**DESCRIPTION OF THE TASK**. Check each line of the data for "font", and copy the ones that have it.

==*==

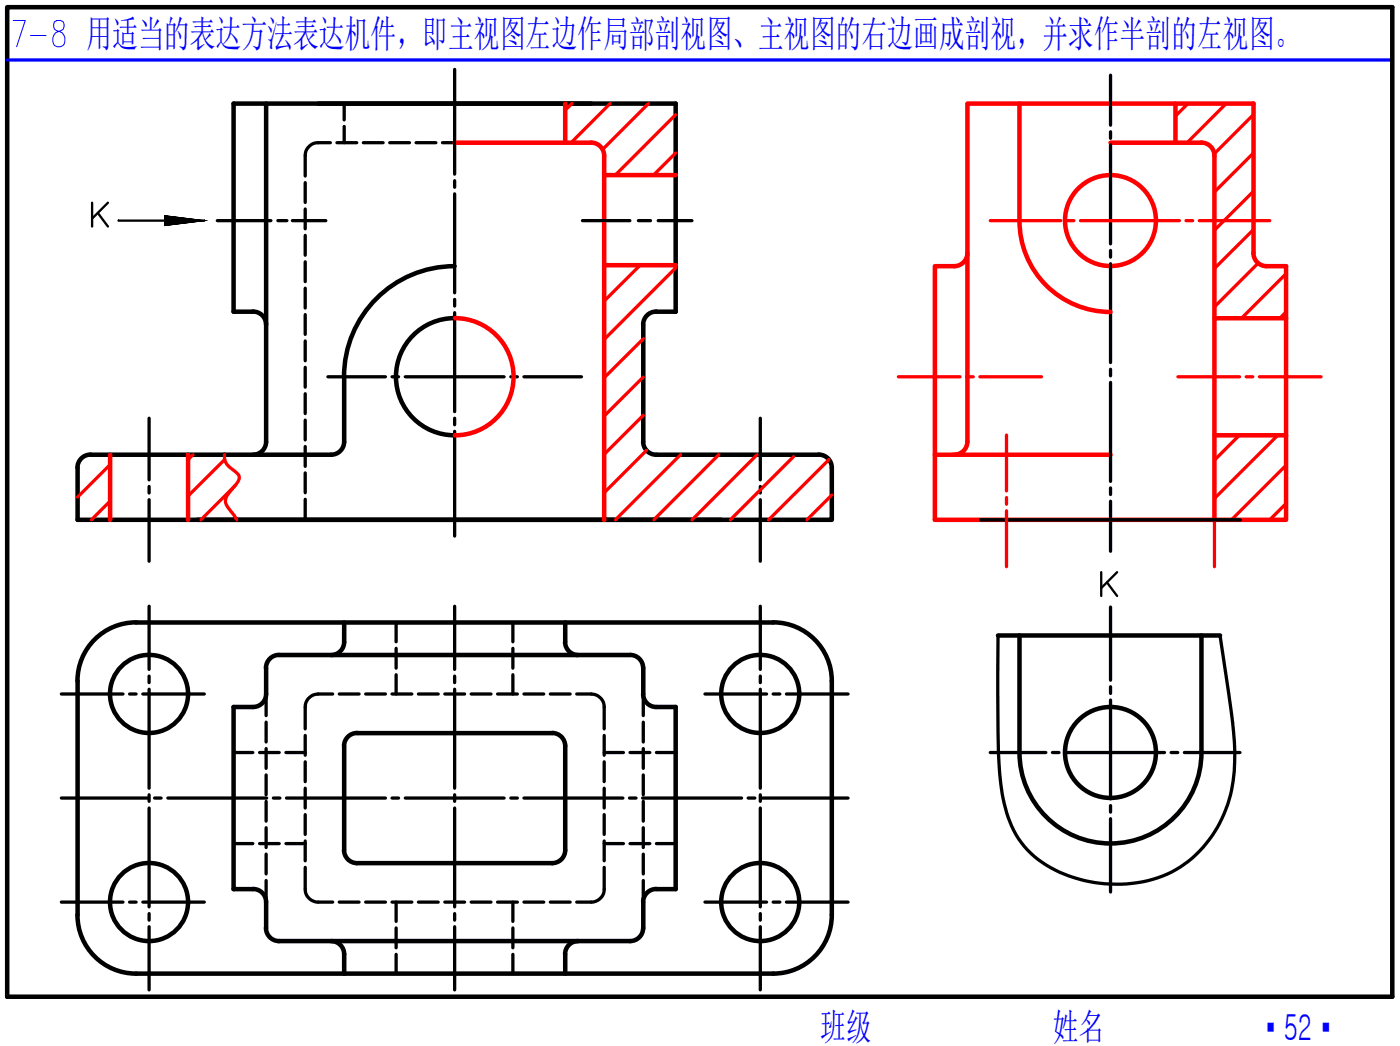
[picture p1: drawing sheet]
<svg xmlns="http://www.w3.org/2000/svg" width="108mm" height="81mm" viewBox="0 0 108 81" stroke-linecap="round" stroke-linejoin="round" font-family="sans-serif">
<defs><g id="words">
<g font-size="2.9" fill="#00f">
<text x="6.7" y="3.6">用适当的表达方法表达机件，即主视图左边作局部剖视图、主视图的右边画成剖视，并求作半剖的左视图。</text>
<text x="63.5" y="80.5">班级</text>
<text x="81.5" y="80.5">姓名</text>
</g>
<text font-size="2.8" fill="#00f" x="98" y="80.5">▪ 52 ▪</text>
</g></defs>
<!-- layer: 98 -->
<g fill="none" stroke="#f00" stroke-width=".35">
<path d="M35.2 11h10.6a1.02 1.02 0 0 1 1 1.1v28.1M43.8 8v3M46.8 13.6h5.5M74.9 19.6a1.02 1.02 0 0 1-1 1M78.9 8v9.1a7 7 0 0 0 7.1 7M86 11h7a1.02 1.02 0 0 1 1 1.1v28.1M91 8v3M8.5 35.2v5M14.6 35.2v5M35.2 24.6a4.5 4.5 0 0 1 4.6 4.6 4.5 4.5 0 0 1-4.6 4.5M46.8 20.5h5.5M72.4 35.2h13.6"/>
<path d="M73.9 20.6h-1.5v19.6h27.2v-19.6h-1.5a1 1 0 0 1-1.1-1v-11.6h-22.1v26.2a1.02 1.02 0 0 1-1 1M94 33.7h5.6M94 24.6h5.6"/>
<circle cx="86" cy="17.1" r="3.5"/>
</g>
<!-- layer: 96 -->
<g fill="none" stroke="#f00" stroke-width=".25">
<path d="M44.3 8l-.5 .5M47.2 8l-3 3M50.2 8l-3.5 3.6M52.3 8.9l-4.7 4.7M52.3 11.8l-1.7 1.8M76.7 17.1h5.4M82.6 17.1h.5M83.6 17.1h7.7M91.8 17.1h.5M92 8l-1 1M92.8 17.1h5.5M94.9 8l-3 3"/>
<path d="M97 17.8l-3 3M97 14.8l-3 3M97 11.8l-3 3.1M97 8.9l-3 3M8.5 36l-2.5 2.5M8.5 38.8l-1.4 1.4M14.9 35.2l-.3 .4M17.4 35.2a1.45 1.45 0 0 0 .9 1.4 .53 .53 0 0 1 0 .8 2.23 2.23 0 0 0-.8 1.5l.1 .4 .7 .9M17.4 35.6l-2.8 2.8M18.2 37.6l-2.6 2.6M49.6 20.5l-2.8 2.8M49.8 26.2l-3 3"/>
<path d="M49.8 29.2l-3 3M49.8 32.1l-3 3.1M50.1 34.9l-3.3 3.2M52.3 20.7l-5.5 5.6M52.7 35.2l-5.1 5M55.6 35.2l-5 5M58.6 35.2l-5 5M61.4 35.3l-4.9 4.9M64.2 35.6l-4.7 4.6M64.4 38.3l-1.9 1.9M69.6 29.2h4.7M74.8 29.2h.5"/>
<path d="M75.9 29.2h4.7M77.9 33.7v4.3M77.9 38.5v.5M77.9 39.5v4.4M91.2 29.2h4.8M95.9 33.7l-1.9 1.9M96.5 29.2h.5M97.4 20.4l-3.4 3.4M97.5 29.2h4.8M98.9 33.7l-4.9 4.9M99.6 39l-1.3 1.2M99.6 36l-4.3 4.2"/>
<path d="M99.6 24.1l-.5 .5M99.6 21.2l-3.5 3.4M94 40.2v3.7"/>
</g>
<!-- layer: 3 -->
<path d="M75.9 40.2h20.1" fill="none" stroke="#000" stroke-width=".25"/>
<!-- layer: 0 -->
<g fill="none" stroke="#000" stroke-width=".25">
<path d="M16.8 17.1h4.2M21.5 17.1h.7M22.6 17.1h2.6M35.2 5.4v8.1M35.2 14v.5M35.2 15v7.7M45.1 17.1h3.7M49.4 17.1h1M51 17.1h2.6M86 5.8v3.9M86 10.2v.5M86 11.2v7.7"/>
<path d="M86 19.4v.5M11.5 32.4v4.7M11.5 37.7v.5M11.5 38.7v4.7M25.4 29.2h4.4M30.3 29.2h.6M31.4 29.2h7.6M35.2 23.2v.5M35.2 24.2v7.7M35.2 32.4v.5M35.2 33.4v8.1M39.5 29.2h.6"/>
<path d="M40.6 29.2h4.4M58.9 32.4v4.7M58.9 37.7v.5M58.9 38.7v4.7M86 20.4v7.7M86 28.6v.5M86 29.6v7.7M86 37.8v.5M86 38.8v3.9M4.7 53.7h4.8M10 53.7h.5M11.1 53.7h4.7"/>
<path d="M11.5 46.9v4.9M11.5 52.3v.5M11.5 53.3v7.7M35.2 46.9v4.9M35.2 52.3v.5M35.2 53.3v7.7M54.6 53.7h4.7M58.9 46.9v4.9M58.9 52.3v.5M58.9 53.3v7.7M59.9 53.7h.5M60.9 53.7h4.8"/>
<path d="M76.7 58.2h4.3M77.3 49.2a91.4 91.4 0 0 0 .3 12.2 7.4 7.4 0 0 0 3.7 5.7 10.3 10.3 0 0 0 10.1 0 9.9 9.9 0 0 0 4.2-8.9l-.3-3-.8-6M81.5 58.2h.5M82.5 58.2h7.7M86 47v5.6M86 53.2v.5M86 54.2v7.6M90.7 58.2h.5M91.7 58.2h4.3M4.7 69.8h4.8M4.7 61.8h6.8M10 69.8h.5"/>
<path d="M11.1 69.8h4.7M11.5 61.5v.5M11.5 62.5v7.7M11.5 70.7v.5M11.5 71.7v4.9M12 61.8h.5M13 61.8h7.6M21.2 61.8h.5M22.2 61.8h7.6M30.3 61.8h.6M31.4 61.8h7.6M35.2 61.5v.5"/>
<path d="M35.2 62.5v7.7M35.2 70.7v.5M35.2 71.7v4.9M39.5 61.8h.6M40.6 61.8h7.6M48.7 61.8h.5M49.7 61.8h7.7M54.6 69.8h4.7M57.9 61.8h.5M58.9 61.5v.5M58.9 62.5v7.7M58.9 70.7v.5"/>
<path d="M58.9 71.7v4.9M58.9 61.8h6.8M59.9 69.8h.5M60.9 69.8h4.8M86 62.4v.5M86 63.4v5.6"/>
</g>
<!-- layer: 1 -->
<g fill="none" stroke="#000" stroke-width=".35">
<path d="M.6 .6h107.2v76.5h-107.2zM20.6 8v26.2a1.01 1.01 0 0 1-1 1M25.6 35.2h-18.6a.99 .99 0 0 0-1 1v4h58.4v-4a1.01 1.01 0 0 0-1-1h-12.6M35.2 20.6a8.5 8.5 0 0 0-8.6 8.6v5a1.01 1.01 0 0 1-1 1M35.2 24.6a4.5 4.5 0 0 0-4.5 4.6 4.5 4.5 0 0 0 4.5 4.5M50.8 24.1a.99 .99 0 0 0-1 1v9.1a1.01 1.01 0 0 0 1 1M50.8 24.1h1.5v-16.1h-34.2v16.1h1.5a1.01 1.01 0 0 1 1 1M15.3 40.2h40.5M20.6 51.7a1.01 1.01 0 0 1 1-1h27.2a.99 .99 0 0 1 1 1M20.6 51.7v2M20.6 53.7a1.01 1.01 0 0 1-1 1h-1.5v14.1h1.5a1.01 1.01 0 0 1 1 1M26.6 48.2v1.5"/>
<path d="M26.6 49.7a1.01 1.01 0 0 1-1 1M26.9 57l.4-.2 .4-.1h15a1.01 1.01 0 0 1 1.1 1v8.1a1.01 1.01 0 0 1-1.1 1h-15.1a.99 .99 0 0 1-1-1v-8.1l.1-.3zM43.7 49.7a1.01 1.01 0 0 0 1.1 1M43.8 48.2v1.5M49.8 53.7a1.01 1.01 0 0 0 1 1M49.8 51.7v2M50.8 54.7h1.5v14.1h-1.5M59.9 48.2a4.5 4.5 0 0 1 4.5 4.5v18.1a4.5 4.5 0 0 1-4.5 4.6M59.9 48.2h-49.4a4.5 4.5 0 0 0-4.5 4.5v18.1a4.5 4.5 0 0 0 4.5 4.6h49.4M77.3 49.2h17.2M78.9 58.2a7 7 0 0 0 7.1 7.1 7 7 0 0 0 7-7.1M78.9 49.2v9"/>
<path d="M93 49.2v9M20.6 71.8a1.01 1.01 0 0 0 1 1h27.2a1.01 1.01 0 0 0 1-1M20.6 69.8v2M25.6 72.8a1.01 1.01 0 0 1 1 1.1v1.5M43.8 73.9v1.5M44.8 72.8a1.01 1.01 0 0 0-1.1 1.1M49.8 69.8v2M50.8 68.8a1.01 1.01 0 0 0-1 1"/>
<circle cx="11.5" cy="53.7" r="3"/>
<circle cx="58.9" cy="53.7" r="3"/>
<circle cx="86" cy="58.2" r="3.5"/>
<circle cx="11.5" cy="69.8" r="3"/>
<circle cx="58.9" cy="69.8" r="3"/>
</g>
<!-- layer: 4 -->
<g fill="none" stroke="#000" stroke-width=".25">
<path d="M23.6 14.1v1.6M23.6 16.2v1.5M23.6 18.2v1.6M25.6 11h-1a1 1 0 0 0-1 1.1v1.5M26.1 11h1.5M26.6 8v1.3M26.6 9.8v1.2M28.1 11h1.6M30.2 11h1.5M32.2 11h1.5M34.3 11h.9M23.6 20.3v1.5"/>
<path d="M23.6 22.3v1.5M23.6 24.3v1.6M23.6 26.4v1.5M23.6 28.4v1.6M23.6 30.5v1.5M23.6 32.5v1.6M23.6 34.6v1.5M23.6 36.6v1.5M23.6 38.6v1.6M18.1 58.2h1.5M20.1 58.2h1.5M20.6 53.7v1.7"/>
<path d="M20.6 55.9v1.5M20.6 57.9v1.6M20.6 60v1.5M22.1 58.2h1.5M23.6 56.9v1.6M23.6 59v1.5M25.8 53.7h-1.2a1.02 1.02 0 0 0-1 1v1.7M26.3 53.7h1.5M28.3 53.7h1.5M30.3 53.7h1.6M30.7 48.2v1.5M30.7 50.2v1.5"/>
<path d="M30.7 52.2v1.5M32.4 53.7h1.5M34.4 53.7h1.6M36.5 53.7h1.5M38.5 53.7h1.6M39.7 48.2v1.5M39.7 50.2v1.5M39.7 52.2v1.5M40.6 53.7h1.5M42.6 53.7h1.5M44.6 53.7h1.2a1.02 1.02 0 0 1 1 1v1.7M46.8 56.9v1.6"/>
<path d="M46.8 59v1.5M46.8 58.2h1.5M48.8 58.2h1.5M49.8 53.7v1.7M49.8 55.9v1.5M49.8 57.9v1.6M49.8 60v1.5M50.8 58.2h1.5M18.1 65.3h1.5M20.1 65.3h1.5M20.6 62v1.6M20.6 64.1v1.5"/>
<path d="M20.6 66.1v1.5M20.6 68.2v1.6M22.1 65.3h1.5M23.6 67.1v1.7a1 1 0 0 0 1 1h1.2M23.6 61v1.5M23.6 63.1v1.5M23.6 65.1v1.5M26.3 69.8h1.5M28.3 69.8h1.5M30.3 69.8h1.6M30.7 69.8v1.5M30.7 71.8v1.6"/>
<path d="M30.7 73.9v1.5M32.4 69.8h1.5M34.4 69.8h1.6M36.5 69.8h1.5M38.5 69.8h1.6M39.7 69.8v1.5M39.7 71.8v1.6M39.7 73.9v1.5M40.6 69.8h1.5M42.6 69.8h1.5M46.8 67.1v1.7a1 1 0 0 1-1 1h-1.2M46.8 61v1.5"/>
<path d="M46.8 63.1v1.5M46.8 65.1v1.5M46.8 65.3h1.5M48.8 65.3h1.5M49.8 62v1.6M49.8 64.1v1.5M49.8 66.1v1.5M49.8 68.2v1.6M50.8 65.3h1.5"/>
</g>
<!-- layer: 2 -->
<path d="M.6 4.6h107.2" fill="none" stroke="#00f" stroke-width=".25"/>
<path d="M1 1.6h1l-.7 2M2.4 2.7h1.2M4.2 1.7a.5 .5 0 0 0 .4 .8 .59 .59 0 0 1 .4 .6 .59 .59 0 0 1-.6 .5 .68 .68 0 0 1-.3-.7 .68 .68 0 0 1 .7-.5 .43 .43 0 0 0 .2-.4 .43 .43 0 0 0-.3-.4z" fill="none" stroke="#00f" stroke-width=".08"/>
<!-- layer: 8 -->
<path d="M9.2 17.1h6.6" fill="none" stroke="#000" stroke-width=".18"/>
<path d="M9.2 17.1h.1M15.8 17.1h.1" fill="none" stroke="#000" stroke-width=".08"/>
<path d="M12.8 16.7v.8l3-.4zM12.8 16.7v.8l3-.4z" fill="#000" stroke="#000" stroke-width=".08"/>
<!-- layer: 11 -->
<path d="M7.1 15.7v1.8M7.6 16.5l.8 1M8.4 15.7l-1.3 1.2M85.3 44.3v1.8M85.7 45.1l.8 1M86.5 44.3l-1.2 1.2" fill="none" stroke="#000" stroke-width=".18"/>
<use href="#words"/>
</svg>

==*==

**REPLY**.
<svg xmlns="http://www.w3.org/2000/svg" width="108mm" height="81mm" viewBox="0 0 108 81" stroke-linecap="round" stroke-linejoin="round" font-family="sans-serif">
<g font-size="2.9" fill="#00f">
<text font-size="2.8" fill="#00f" x="98" y="80.5">▪ 52 ▪</text>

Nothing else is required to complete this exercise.